She looked at me, astonished, and then touched my forehead. Do you have a fever? She said. I moved her hand off my head. Sorry, Jane, I said, I won't divorce. My marriage life was boring probably because she and I didn't value the details of our lives, not because we didn't love each other anymore. Now I realize that since I carried her into my home on our wedding day I am supposed to hold her until death do us apart.

Jane seemed to suddenly wake up. She gave me a loud slap and then slammed the door and burst into tears. I walked downstairs and drove away.

At the floral shop on the way, I ordered a bouquet of flowers for my wife. The salesgirl asked me what to write on the card. I smiled and wrote, I'll carry you out every morning until death do us apart.

That evening I arrived home, flowers in my hands, a smile on my face, I run up stairs, only to find my wife in the bed - dead.
My wife had been fighting CANCER for months and I was so busy with Jane to even notice.
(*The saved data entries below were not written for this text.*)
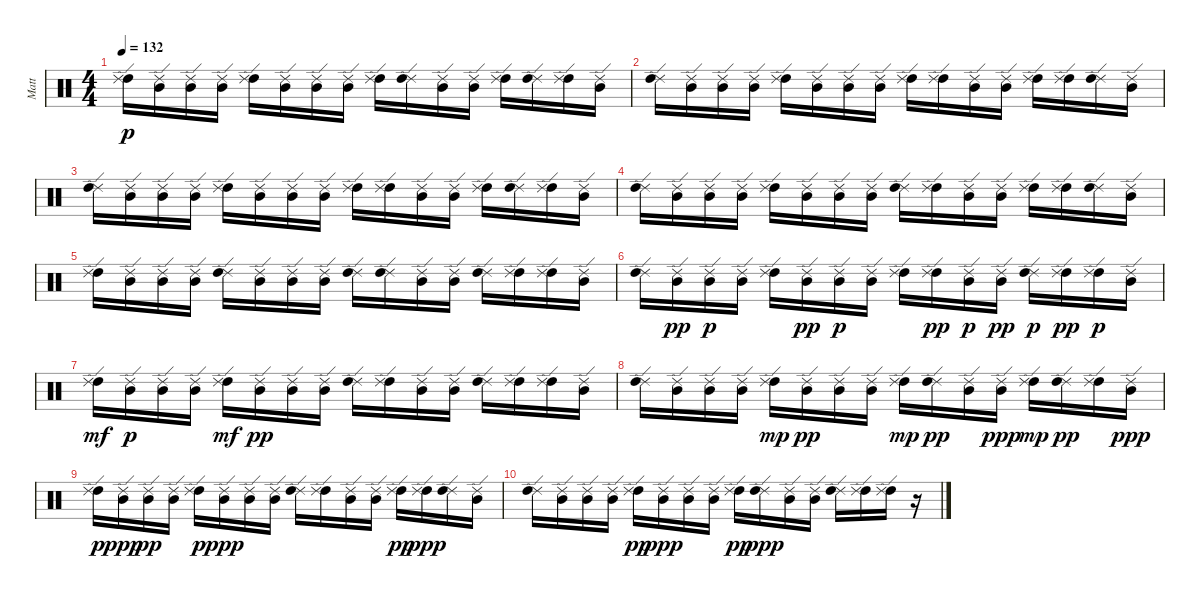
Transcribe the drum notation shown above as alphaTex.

\track ("Matt" "Matt") {instrument percussion}
\staff {score}
\articulation defaults
\ts (4 4)
\tempo 132
\clef neutral
\ks c
("High Tom (hit)" "Ride (edge) 2").16{dy p} ("Mid Tom (hit)" "Ride (edge) 2").16 ("Ride (edge) 2" "Mid Tom (hit)").16 ("Mid Tom (hit)" "Ride (edge) 2").16 ("High Tom (hit)" "Ride (edge) 2").16 ("Ride (edge) 2" "Mid Tom (hit)").16 ("Ride (edge) 2" "Mid Tom (hit)").16 ("Mid Tom (hit)" "Ride (edge) 2").16 ("High Tom (hit)" "Ride (edge) 2").16 ("Ride (edge) 2" "High Tom (hit)").16 ("Ride (edge) 2" "Mid Tom (hit)").16 ("Ride (edge) 2" "Mid Tom (hit)").16 ("High Tom (hit)" "Ride (edge) 2").16 ("Ride (edge) 2" "High Tom (hit)").16 ("High Tom (hit)" "Ride (edge) 2").16 ("Ride (edge) 2" "Mid Tom (hit)").16 |
("Ride (edge) 2" "High Tom (hit)").16 ("Ride (edge) 2" "Mid Tom (hit)").16 ("Mid Tom (hit)" "Ride (edge) 2").16 ("Mid Tom (hit)" "Ride (edge) 2").16 ("High Tom (hit)" "Ride (edge) 2").16 ("Ride (edge) 2" "Mid Tom (hit)").16 ("Ride (edge) 2" "Mid Tom (hit)").16 ("Ride (edge) 2" "Mid Tom (hit)").16 ("High Tom (hit)" "Ride (edge) 2").16 ("High Tom (hit)" "Ride (edge) 2").16 ("Mid Tom (hit)" "Ride (edge) 2").16 ("Mid Tom (hit)" "Ride (edge) 2").16 ("High Tom (hit)" "Ride (edge) 2").16 ("High Tom (hit)" "Ride (edge) 2").16 ("Ride (edge) 2" "High Tom (hit)").16 ("Ride (edge) 2" "Mid Tom (hit)").16 |
("Ride (edge) 2" "High Tom (hit)").16 ("Mid Tom (hit)" "Ride (edge) 2").16 ("Ride (edge) 2" "Mid Tom (hit)").16 ("Ride (edge) 2" "Mid Tom (hit)").16 ("High Tom (hit)" "Ride (edge) 2").16 ("Mid Tom (hit)" "Ride (edge) 2").16 ("Mid Tom (hit)" "Ride (edge) 2").16 ("Ride (edge) 2" "Mid Tom (hit)").16 ("High Tom (hit)" "Ride (edge) 2").16 ("High Tom (hit)" "Ride (edge) 2").16 ("Ride (edge) 2" "Mid Tom (hit)").16 ("Ride (edge) 2" "Mid Tom (hit)").16 ("High Tom (hit)" "Ride (edge) 2").16 ("Ride (edge) 2" "High Tom (hit)").16 ("High Tom (hit)" "Ride (edge) 2").16 ("Ride (edge) 2" "Mid Tom (hit)").16 |
("Ride (edge) 2" "High Tom (hit)").16 ("Ride (edge) 2" "Mid Tom (hit)").16 ("Mid Tom (hit)" "Ride (edge) 2").16 ("Ride (edge) 2" "Mid Tom (hit)").16 ("High Tom (hit)" "Ride (edge) 2").16 ("Mid Tom (hit)" "Ride (edge) 2").16 ("Mid Tom (hit)" "Ride (edge) 2").16 ("Ride (edge) 2" "Mid Tom (hit)").16 ("Ride (edge) 2" "High Tom (hit)").16 ("High Tom (hit)" "Ride (edge) 2").16 ("Mid Tom (hit)" "Ride (edge) 2").16 ("Mid Tom (hit)" "Ride (edge) 2").16 ("High Tom (hit)" "Ride (edge) 2").16 ("High Tom (hit)" "Ride (edge) 2").16 ("Ride (edge) 2" "High Tom (hit)").16 ("Mid Tom (hit)" "Ride (edge) 2").16 |
("High Tom (hit)" "Ride (edge) 2").16 ("Ride (edge) 2" "Mid Tom (hit)").16 ("Mid Tom (hit)" "Ride (edge) 2").16 ("Mid Tom (hit)" "Ride (edge) 2").16 ("Ride (edge) 2" "High Tom (hit)").16 ("Ride (edge) 2" "Mid Tom (hit)").16 ("Ride (edge) 2" "Mid Tom (hit)").16 ("Mid Tom (hit)" "Ride (edge) 2").16 ("Ride (edge) 2" "High Tom (hit)").16 ("Ride (edge) 2" "High Tom (hit)").16 ("Mid Tom (hit)" "Ride (edge) 2").16 ("Mid Tom (hit)" "Ride (edge) 2").16 ("Ride (edge) 2" "High Tom (hit)").16 ("High Tom (hit)" "Ride (edge) 2").16 ("High Tom (hit)" "Ride (edge) 2").16 ("Ride (edge) 2" "Mid Tom (hit)").16 |
("Ride (edge) 2" "High Tom (hit)").16 ("Mid Tom (hit)" "Ride (edge) 2").16{dy pp} ("Ride (edge) 2" "Mid Tom (hit)").16{dy p} ("Ride (edge) 2" "Mid Tom (hit)").16 ("High Tom (hit)" "Ride (edge) 2").16 ("Mid Tom (hit)" "Ride (edge) 2").16{dy pp} ("Ride (edge) 2" "Mid Tom (hit)").16{dy p} ("Ride (edge) 2" "Mid Tom (hit)").16 ("High Tom (hit)" "Ride (edge) 2").16 ("High Tom (hit)" "Ride (edge) 2").16{dy pp} ("Ride (edge) 2" "Mid Tom (hit)").16{dy p} ("Mid Tom (hit)" "Ride (edge) 2").16{dy pp} ("Ride (edge) 2" "High Tom (hit)").16{dy p} ("High Tom (hit)" "Ride (edge) 2").16{dy pp} ("High Tom (hit)" "Ride (edge) 2").16{dy p} ("Ride (edge) 2" "Mid Tom (hit)").16 |
("High Tom (hit)" "Ride (edge) 2").16{dy mf} ("Ride (edge) 2" "Mid Tom (hit)").16{dy p} ("Ride (edge) 2" "Mid Tom (hit)").16 ("Ride (edge) 2" "Mid Tom (hit)").16 ("High Tom (hit)" "Ride (edge) 2").16{dy mf} ("Ride (edge) 2" "Mid Tom (hit)").16{dy pp} ("Ride (edge) 2" "Mid Tom (hit)").16 ("Ride (edge) 2" "Mid Tom (hit)").16 ("Ride (edge) 2" "High Tom (hit)").16 ("High Tom (hit)" "Ride (edge) 2").16 ("Ride (edge) 2" "Mid Tom (hit)").16 ("Mid Tom (hit)" "Ride (edge) 2").16 ("Ride (edge) 2" "High Tom (hit)").16 ("High Tom (hit)" "Ride (edge) 2").16 ("High Tom (hit)" "Ride (edge) 2").16 ("Ride (edge) 2" "Mid Tom (hit)").16 |
("Ride (edge) 2" "High Tom (hit)").16 ("Mid Tom (hit)" "Ride (edge) 2").16 ("Ride (edge) 2" "Mid Tom (hit)").16 ("Mid Tom (hit)" "Ride (edge) 2").16 ("High Tom (hit)" "Ride (edge) 2").16{dy mp} ("Ride (edge) 2" "Mid Tom (hit)").16{dy pp} ("Ride (edge) 2" "Mid Tom (hit)").16 ("Ride (edge) 2" "Mid Tom (hit)").16 ("High Tom (hit)" "Ride (edge) 2").16{dy mp} ("Ride (edge) 2" "High Tom (hit)").16{dy pp} ("Mid Tom (hit)" "Ride (edge) 2").16 ("Mid Tom (hit)" "Ride (edge) 2").16{dy ppp} ("High Tom (hit)" "Ride (edge) 2").16{dy mp} ("Ride (edge) 2" "High Tom (hit)").16{dy pp} ("High Tom (hit)" "Ride (edge) 2").16 ("Mid Tom (hit)" "Ride (edge) 2").16{dy ppp} |
("High Tom (hit)" "Ride (edge) 2").16{dy p} ("Mid Tom (hit)" "Ride (edge) 2").16{dy ppp} ("Mid Tom (hit)" "Ride (edge) 2").16{dy pp} ("Ride (edge) 2" "Mid Tom (hit)").16 ("High Tom (hit)" "Ride (edge) 2").16{dy p} ("Mid Tom (hit)" "Ride (edge) 2").16{dy ppp} ("Mid Tom (hit)" "Ride (edge) 2").16 ("Mid Tom (hit)" "Ride (edge) 2").16 ("Ride (edge) 2" "High Tom (hit)").16 ("High Tom (hit)" "Ride (edge) 2").16 ("Mid Tom (hit)" "Ride (edge) 2").16 ("Ride (edge) 2" "Mid Tom (hit)").16 ("High Tom (hit)" "Ride (edge) 2").16{dy pp} ("High Tom (hit)" "Ride (edge) 2").16{dy ppp} ("Ride (edge) 2" "High Tom (hit)").16 ("Ride (edge) 2" "Mid Tom (hit)").16 |
("Ride (edge) 2" "High Tom (hit)").16 ("Mid Tom (hit)" "Ride (edge) 2").16 ("Ride (edge) 2" "Mid Tom (hit)").16 ("Mid Tom (hit)" "Ride (edge) 2").16 ("High Tom (hit)" "Ride (edge) 2").16{dy pp} ("Ride (edge) 2" "Mid Tom (hit)").16{dy ppp} ("Ride (edge) 2" "Mid Tom (hit)").16 ("Mid Tom (hit)" "Ride (edge) 2").16 ("High Tom (hit)" "Ride (edge) 2").16{dy pp} ("Ride (edge) 2" "High Tom (hit)").16{dy ppp} ("Ride (edge) 2" "Mid Tom (hit)").16 ("Mid Tom (hit)" "Ride (edge) 2").16 ("Ride (edge) 2" "High Tom (hit)").16 ("High Tom (hit)" "Ride (edge) 2").16 ("High Tom (hit)" "Ride (edge) 2").16 r.16

She knew that she would die soon and she wanted to save me from the whatever negative reaction from our son, in case we push thru with the divorce.-- At least, in the eyes of our son--- I'm a loving husband....

The small details of your lives are what really matter in a relationship. It is not the mansion, the car, property, the money in the bank. These create an environment conducive for happiness but cannot give happiness in themselves. So find time to be your spouse's friend and do those little things for each other that build intimacy. Do have a real happy marriage!

If you don't share this, nothing will happen to you.

If you do, you just might save a marriage.
Many of life's failures are people who did not realize how close they were to success when they gave up.

A CHRIST-CENTERED MARRIAGE IS A MARRIAGE THAT IS SURE TO LAST A LIFETIME.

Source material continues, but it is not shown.